Rosh Yeshiva, Rabbi Isaac Elchanan Theological Seminary

Personal details
- Born: August 24, 1936 (age 90) Tarrytown, New York
- Spouse: Dr. Judith Bleich
- Education: Brooklyn College, Columbia University, New York University, Yeshiva Torah Vodaath
- Occupation: Rabbi, Professor
- Known for: Contemporary Halakhic Problems, Bioethical Dilemmas: A Jewish Perspective, Jewish Bioethics

= J. David Bleich =

American rabbi

Judah David Bleich (born August 24, 1936) is an American Haredi rabbi and professor known for his expertise in Jewish law, ethics, and bioethics. He serves as a professor of Talmud (rosh yeshiva) at the Rabbi Isaac Elchanan Theological Seminary and heads its postgraduate institute for the study of Talmudic jurisprudence and family law. At Yeshiva University, he holds the Herbert and Florence Tenzer Chair in Jewish Law and Ethics. Bleich also teaches at Cardozo Law School and has been involved in governmental deliberations on bioethics.

Judah David Bleich was born in Tarrytown, New York. He received his education from Brooklyn College, Columbia University, and New York University. He holds rabbinic ordination from Yeshiva Torah Vodaas.

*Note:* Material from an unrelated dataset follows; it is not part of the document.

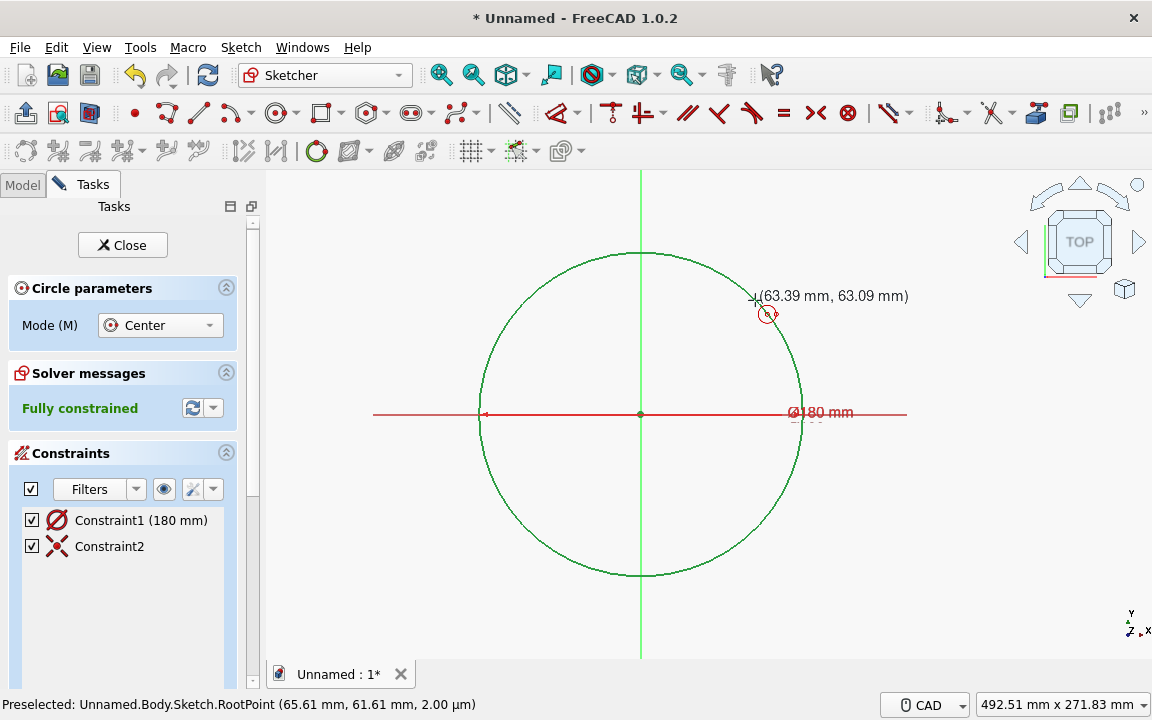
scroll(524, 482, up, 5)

== Early life and education ==
Judah David Bleich was born in Tarrytown, New York). Bleich is the older of two sons of Rabbi Manning H. Bleich and his wife Beatrice. He attended public elementary school and received private tutoring on Jewish subjects. Later, he studied in Yeshiva Torah Vodaath and Beis Medrash Elyon, under Rabbi Elya Chazan. From 1958-1962, he attended the Kollel in Yeshiva Chofetz Chaim of Radun. He received a bachelor's degree from Brooklyn College in 1960, a master's degree from Columbia University in 1968, and a PhD from New York University in 1974.

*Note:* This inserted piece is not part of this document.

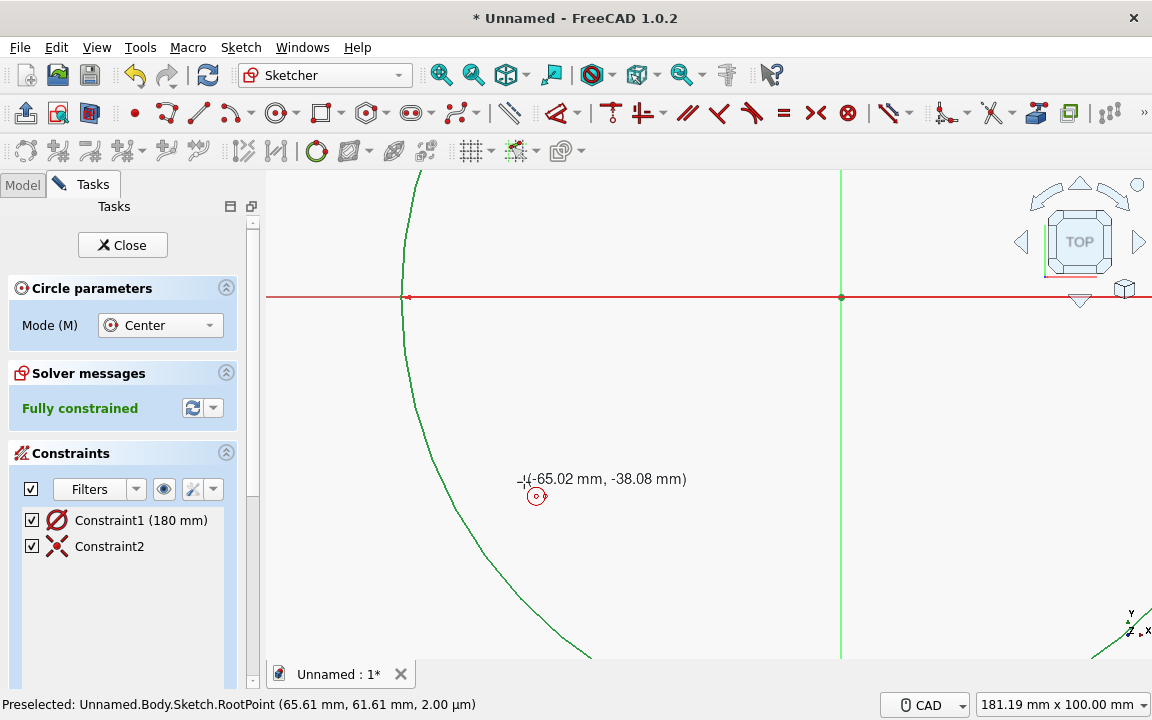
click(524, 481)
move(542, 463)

Bleich is a Woodrow Wilson Fellow, a postdoctoral fellow at the Hastings Center, and fellow of the Academy of Jewish Philosophy. He received rabbinic ordination from Yeshiva Torah Vodaath, and advanced ordination ("Yadin Yadin") from Rabbis Moshe Feinstein and Mendel Zaks.

Bleich was a close student of Rabbi Yaakov Kamenetsky.

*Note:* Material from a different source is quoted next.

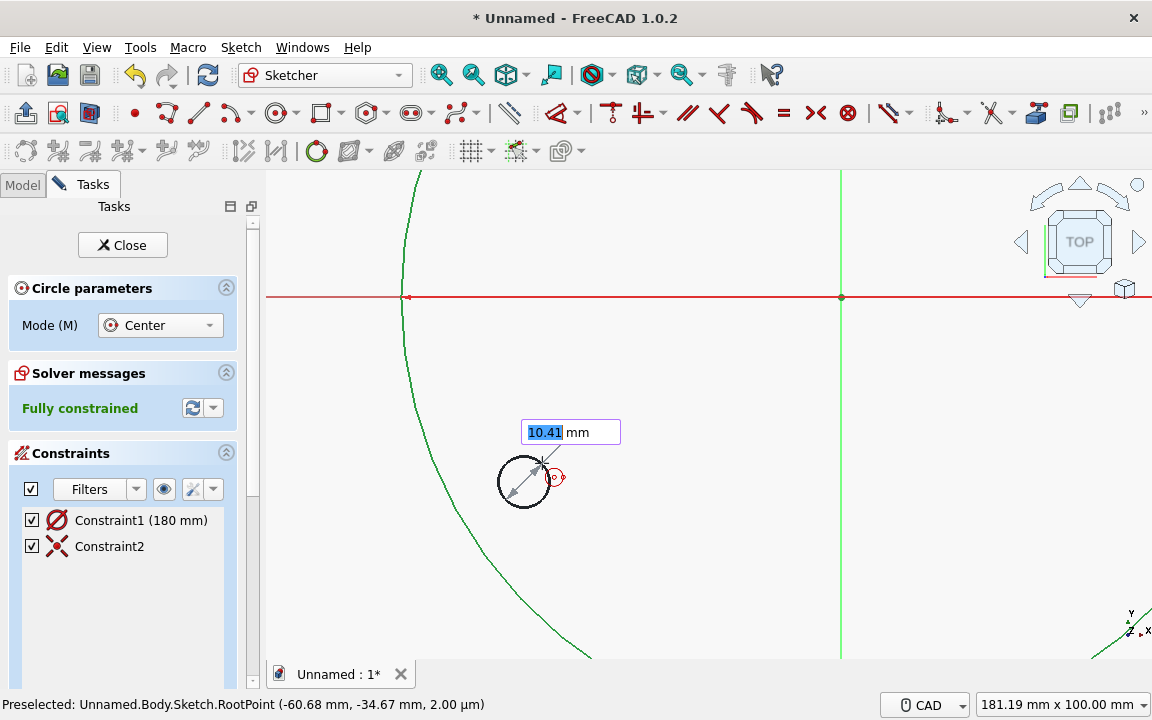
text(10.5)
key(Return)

He is an authority on Jewish law and ethics, including Jewish medical ethics. He is a professor of Talmud (rosh yeshiva) at the Rabbi Isaac Elchanan Theological Seminary, an affiliate of Yeshiva University, as well as head of its postgraduate institute for the study of Talmudic jurisprudence and family law. At Yeshiva University, he holds the Herbert and Florence Tenzer Chair in Jewish Law and Ethics. He also teaches at Cardozo Law School. In 1961 he married to Dr. Judith Bleich, a historian of 19th-century European Jewry.

==Publications==
Bleich is the author of Contemporary Halakhic Problems (eight volumes); Bioethical Dilemmas: A Jewish Perspective (two volumes); Jewish Bioethics (a collection of essays, which he co-edited with Fred Rosner); With Perfect Faith: Foundations of Jewish Belief; Time of Death in Jewish Law; Judaism and Healing; The Philosophical Quest: Of Philosophy, Ethics, Law and Halakhah; and DNA in Halakhah. He has written a book about the blessing on observing the sun return to the original position it occupied at creation (Bircas Hachamah, updated in 2009: ISBN 978-0-89906-175-7). In Hebrew, he has published Be-Netivot ha-Halakhah (four volumes). His Ph.D. thesis is Providence in the late medieval Jewish philosophy (NYU, 1974). He has written extensively on the applications of Jewish law to contemporary social issues and on the interface of Jewish law and the American legal system. He serves as the long-standing contributor of the survey of halakhic literature for Tradition: A Journal of Orthodox Jewish Thought.

Bleich brings an Orthodox perspective to governmental deliberations on bioethics. For example, in 1988 he served on the NIH Human Fetal Tissue Transplantation Research Panel and testified before Congress on the Pain Relief Promotion Act. In 1984, New York Governor Mario Cuomo appointed Bleich to the Governor's Commission on Life and the Law.

==Yorkville Synagogue==

Bleich has been the rabbi (Jewish spiritual leader) of the Yorkville Synagogue, located in Manhattan for over 55 years. He teaches Talmud classes on Shabbat. He also teaches Jewish halakhic or philosophical issues in a program every other Sabbath. The topic usually is related to the subject matter of the weekly Torah portion.